>>>

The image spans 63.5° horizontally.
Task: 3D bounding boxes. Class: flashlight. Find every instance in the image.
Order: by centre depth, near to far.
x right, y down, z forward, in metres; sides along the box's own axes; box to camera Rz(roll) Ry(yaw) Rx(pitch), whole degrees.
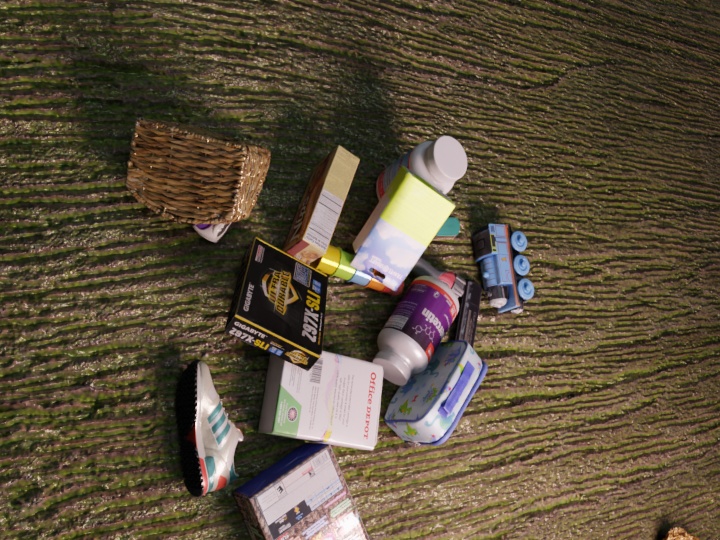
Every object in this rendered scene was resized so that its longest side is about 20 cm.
[{"bbox_3d":[0.127,-0.007,1.206,0.197,0.067,0.069,36,55,-12],"label":"flashlight"}]

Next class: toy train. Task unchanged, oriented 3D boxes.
[{"bbox_3d":[0.317,-0.006,1.305,0.110,0.086,0.208,1,76,-23],"label":"toy train"}]

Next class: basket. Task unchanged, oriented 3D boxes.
[{"bbox_3d":[-0.263,-0.156,0.959,0.193,0.149,0.148,15,102,4],"label":"basket"}]

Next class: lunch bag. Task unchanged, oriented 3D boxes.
[{"bbox_3d":[0.143,0.231,1.097,0.083,0.160,0.201,45,60,-12],"label":"lunch bag"}]

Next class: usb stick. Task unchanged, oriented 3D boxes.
[{"bbox_3d":[0.227,0.118,1.250,0.054,0.032,0.206,26,66,-32],"label":"usb stick"}]

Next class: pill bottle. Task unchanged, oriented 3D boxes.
[{"bbox_3d":[0.105,0.117,1.131,0.112,0.112,0.202,43,61,-14],"label":"pill bottle"},{"bbox_3d":[0.121,-0.188,1.161,0.105,0.199,0.113,8,73,-27],"label":"pill bottle"}]

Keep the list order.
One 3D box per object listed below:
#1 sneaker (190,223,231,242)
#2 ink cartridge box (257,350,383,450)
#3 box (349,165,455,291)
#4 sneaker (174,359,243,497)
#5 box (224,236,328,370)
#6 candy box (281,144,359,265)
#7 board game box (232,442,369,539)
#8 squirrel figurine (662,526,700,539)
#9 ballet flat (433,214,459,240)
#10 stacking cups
[{"bbox_3d":[-0.232,-0.149,1.019,0.082,0.081,0.203,33,61,-7],"label":"sneaker"},{"bbox_3d":[-0.066,0.224,1.019,0.195,0.083,0.150,17,70,-25],"label":"ink cartridge box"},{"bbox_3d":[0.074,-0.075,1.092,0.120,0.048,0.203,27,108,-23],"label":"box"},{"bbox_3d":[-0.238,0.247,0.933,0.092,0.069,0.207,5,73,-47],"label":"sneaker"},{"bbox_3d":[-0.135,0.053,0.984,0.157,0.049,0.203,30,33,-21],"label":"box"},{"bbox_3d":[-0.076,-0.117,1.077,0.054,0.115,0.206,27,66,-20],"label":"candy box"},{"bbox_3d":[-0.092,0.416,0.951,0.156,0.096,0.206,-24,91,-32],"label":"board game box"},{"bbox_3d":[0.761,0.724,1.383,0.180,0.142,0.207,4,62,-18],"label":"squirrel figurine"},{"bbox_3d":[0.126,-0.089,1.213,0.195,0.064,0.073,4,88,-42],"label":"ballet flat"},{"bbox_3d":[0.000,0.000,1.125,0.195,0.060,0.063,19,69,-25],"label":"stacking cups"}]

<<<

→ BRIEF:
The response is to be a bare number: the tally of lines in the listing above with the word "image".

→ RESPONSE AREA:
2